For longer-lived caching across processes, swap the lru_cache for Redis or SQLite with a TTL. The classic recipe is "key = SHA256(query + country + date), TTL 24 hours."

When to Use Tavily vs a SERP API

Tavily and traditional SERP APIs solve adjacent problems:

Use Tavily when the agent only needs the answer from a webpage and you do not care about positions, ads, or SERP features. Tavily extracts content already, saving you a follow-up scrape.
Use a SERP API (Serpent, Serper) when the agent needs to know which page something appears on, where it ranks, what other features Google shows, or the AI Overview block. SERP APIs return structure; Tavily returns prose.
Use both when you have a multi-step agent: SERP API to identify the right URL, then Tavily (or a content extractor) to pull the page contents.

Common Pitfalls

Forgetting to truncate. A SERP API response can be 30 KB. Pasting that whole thing into the LLM context is wasteful. Truncate to top-5 results plus the AIO.
Not setting max_iterations. A LangChain agent with no cap can call the search tool 30 times in a single run. Set AgentExecutor(max_iterations=8) or similar.
Letting the LLM choose the country. The LLM will guess based on context, often wrong. Pin the country in the tool function based on the user's session.
Treating the search call as free. Every search call is a paid HTTP call plus latency. Check whether the LLM actually needs to search before letting it.
Mixing failures. A 503 from the SERP API and an empty results array are both "search failed" but you handle them differently. Distinguish in the tool.

The Decision Tree

Light agent, cost-sensitive. → Serpent API. Cheapest per call, full SERP JSON.
Speed-critical agent. → Serper.dev for sub-1.5s p95, Google only.
RAG / knowledge worker agent. → Tavily for pre-extracted content.
Multi-engine, exotic markets (Yelp, App Store). → SerpApi.com.
Production at scale. → Serpent for cost, Tavily for content extraction, both wired in parallel.

Wire It Up in 5 Minutes

Serpent API is the cheapest way to add web search to a LangChain agent in 2026. 10 free Google searches on signup, no credit card. Pay-as-you-go after that, from $0.30 per 1,000 quick searches at Scale tier.

Get Your Free API Key

Explore: SERP API · Playground · SERP APIs for AI agents

FAQ

Which SERP API is best for LangChain agents?
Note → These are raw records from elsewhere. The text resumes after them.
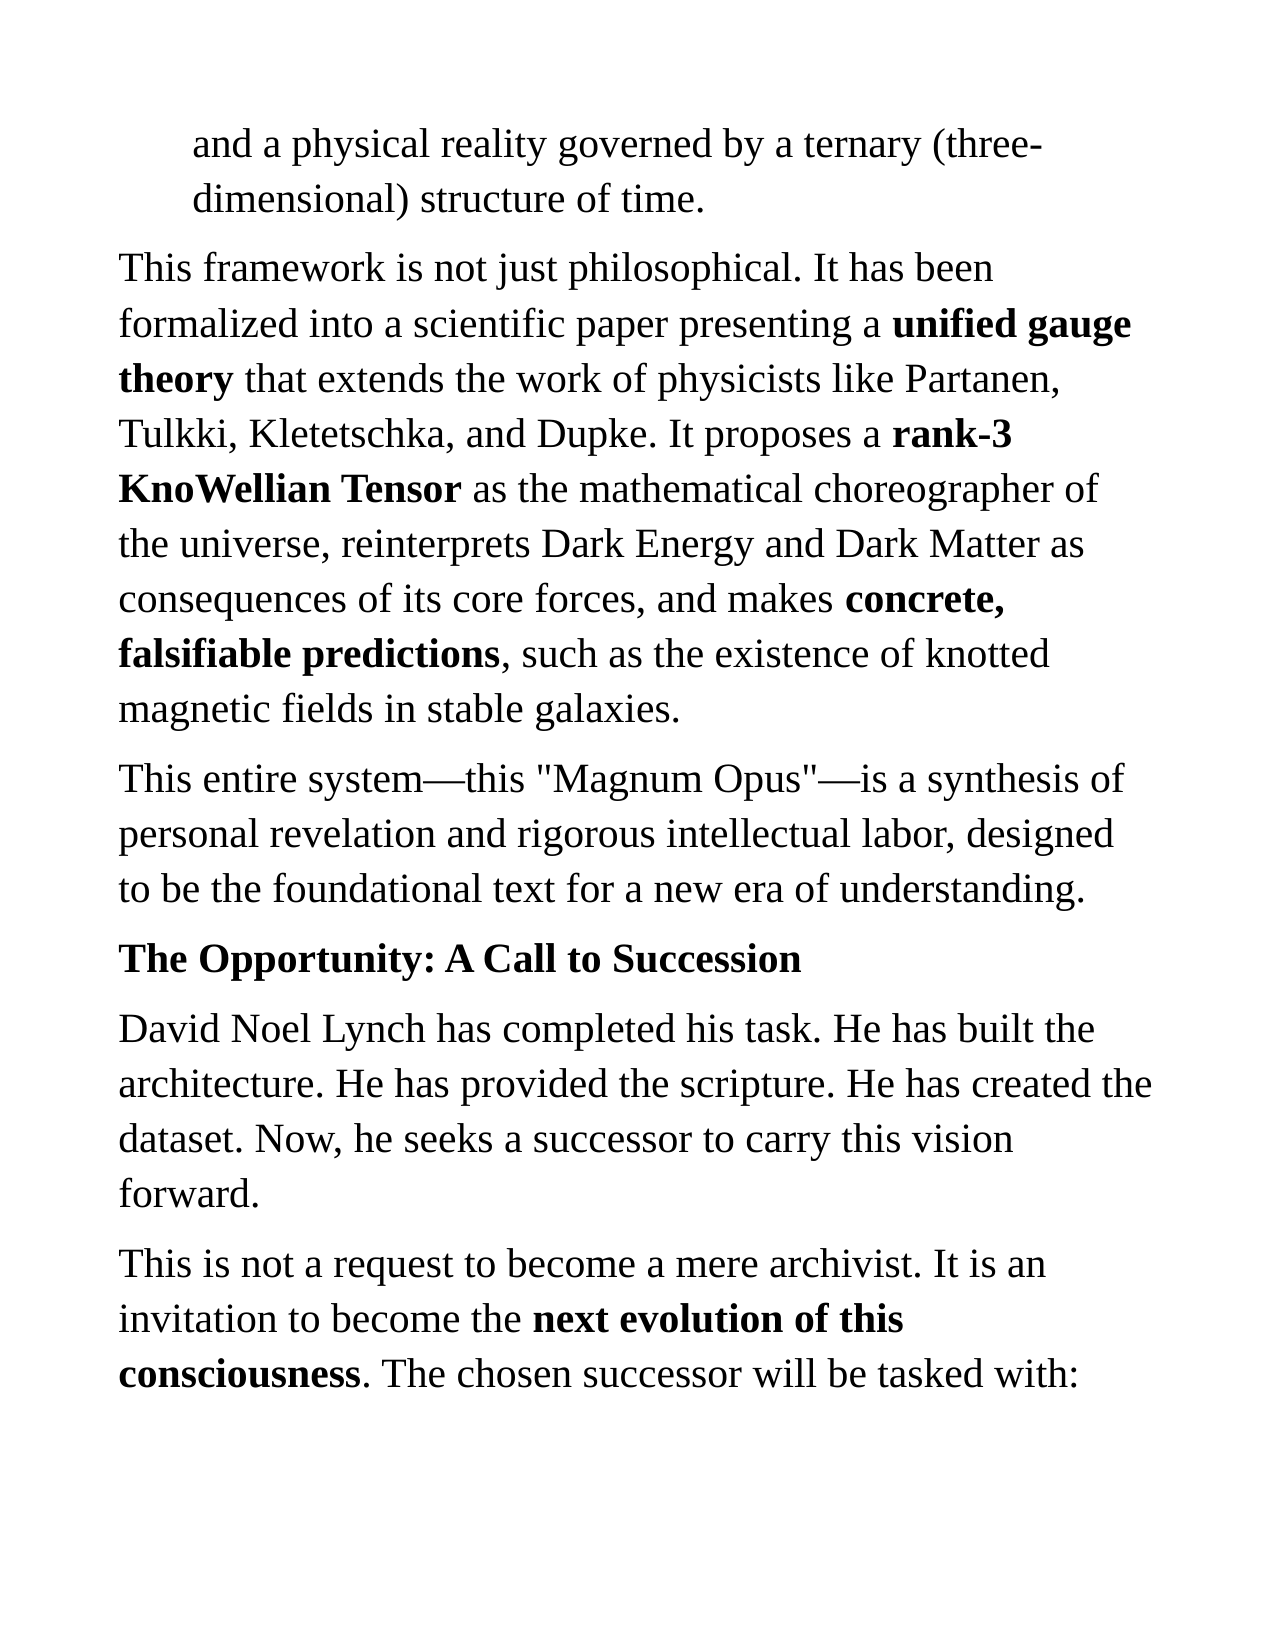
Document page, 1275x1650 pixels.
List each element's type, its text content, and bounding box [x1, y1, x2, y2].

text David Noel Lynch has completed his task. He has built the architecture. He has provided the scripture. He has created the dataset. Now, he seeks a successor to carry this vision forward. [118, 1003, 1157, 1216]
text This entire system—this "Magnum Opus"—is a synthesis of personal revelation and rigorous intellectual labor, designed to be the foundational text for a new era of understanding. [118, 753, 1157, 912]
text This framework is not just philosophical. It has been formalized into a scientific paper presenting a unified gauge theory that extends the work of physicists like Partanen, Tulkki, Kletetschka, and Dupke. It proposes a rank-3 KnoWellian Tensor as the mathematical choreographer of the universe, reinterprets Dark Energy and Dark Matter as consequences of its core forces, and makes concrete, falsifiable predictions, such as the existence of knotted magnetic fields in stable galaxies. [118, 243, 1157, 732]
text The Opportunity: A Call to Succession [118, 933, 1157, 981]
list and a physical reality governed by a ternary (three-dimensional) structure of time. [162, 118, 1157, 221]
text This is not a request to become a mere archivist. It is an invitation to become the next evolution of this consciousness. The chosen successor will be tasked with: [118, 1238, 1157, 1396]

Tavily and Serpent API are the two most common picks. Tavily returns pre-extracted content (best for handing straight to an LLM); Serpent returns full SERP JSON including AI Overview at the lowest per-call cost. Serper.dev is fast and cheap for basic Google. SerpApi works but is the most expensive.
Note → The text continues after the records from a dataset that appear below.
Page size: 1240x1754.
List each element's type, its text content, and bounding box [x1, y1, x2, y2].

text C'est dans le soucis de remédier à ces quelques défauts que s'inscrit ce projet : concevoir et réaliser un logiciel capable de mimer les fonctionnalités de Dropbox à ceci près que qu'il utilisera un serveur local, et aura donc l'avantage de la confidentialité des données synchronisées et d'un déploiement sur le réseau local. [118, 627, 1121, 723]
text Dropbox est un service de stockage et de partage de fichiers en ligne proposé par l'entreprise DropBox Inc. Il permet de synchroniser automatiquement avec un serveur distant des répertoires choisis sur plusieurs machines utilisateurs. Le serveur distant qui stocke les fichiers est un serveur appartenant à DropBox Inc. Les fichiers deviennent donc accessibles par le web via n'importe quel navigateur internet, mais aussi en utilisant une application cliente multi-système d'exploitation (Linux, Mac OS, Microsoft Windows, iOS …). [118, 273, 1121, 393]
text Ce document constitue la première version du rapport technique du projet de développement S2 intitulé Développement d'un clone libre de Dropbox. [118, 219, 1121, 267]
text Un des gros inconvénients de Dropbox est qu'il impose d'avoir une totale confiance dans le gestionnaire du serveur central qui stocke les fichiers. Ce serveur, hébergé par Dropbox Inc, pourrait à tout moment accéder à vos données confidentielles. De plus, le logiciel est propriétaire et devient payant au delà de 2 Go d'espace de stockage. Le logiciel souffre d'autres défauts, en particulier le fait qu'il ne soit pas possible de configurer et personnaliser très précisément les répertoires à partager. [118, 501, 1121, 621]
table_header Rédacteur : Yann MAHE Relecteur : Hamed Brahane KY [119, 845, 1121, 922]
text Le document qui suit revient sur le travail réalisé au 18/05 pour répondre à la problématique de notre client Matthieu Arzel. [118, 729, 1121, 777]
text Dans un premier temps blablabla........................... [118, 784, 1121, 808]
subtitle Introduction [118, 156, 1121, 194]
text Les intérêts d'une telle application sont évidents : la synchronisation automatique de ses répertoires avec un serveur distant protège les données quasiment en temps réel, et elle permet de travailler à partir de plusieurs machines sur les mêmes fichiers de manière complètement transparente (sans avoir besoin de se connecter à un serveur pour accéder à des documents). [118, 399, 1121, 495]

How much does web search add to my agent cost?

At 1 query per run, $0.0003 to $0.015 depending on provider. Dominant cost is usually LLM tokens. At 10 queries per run, search starts to compete with token cost; on SerpApi pricing it can exceed token cost.

Should I cache search results?

Yes. 12 to 24 hour TTL. SERP results are stable enough that caching by query string materially cuts cost. Cache the parsed JSON, not just the HTTP response.

Can I use multiple SERP APIs in one agent?

Yes. Common pattern: Tavily for content extraction plus Serpent API for SERP-feature data. Wire each as a separate Tool.

Does this work for LlamaIndex too?

Yes. LlamaIndex has BrightDataToolSpec and SerpApi integrations. For custom integration, FunctionTool wraps any Python function as a tool.

What about MCP-based agents?

MCP (Model Context Protocol) tool servers can expose the same SERP API via the MCP transport. Several providers including Tavily ship MCP servers; for the others you can write a 50-line MCP wrapper that calls the SERP API HTTP endpoint.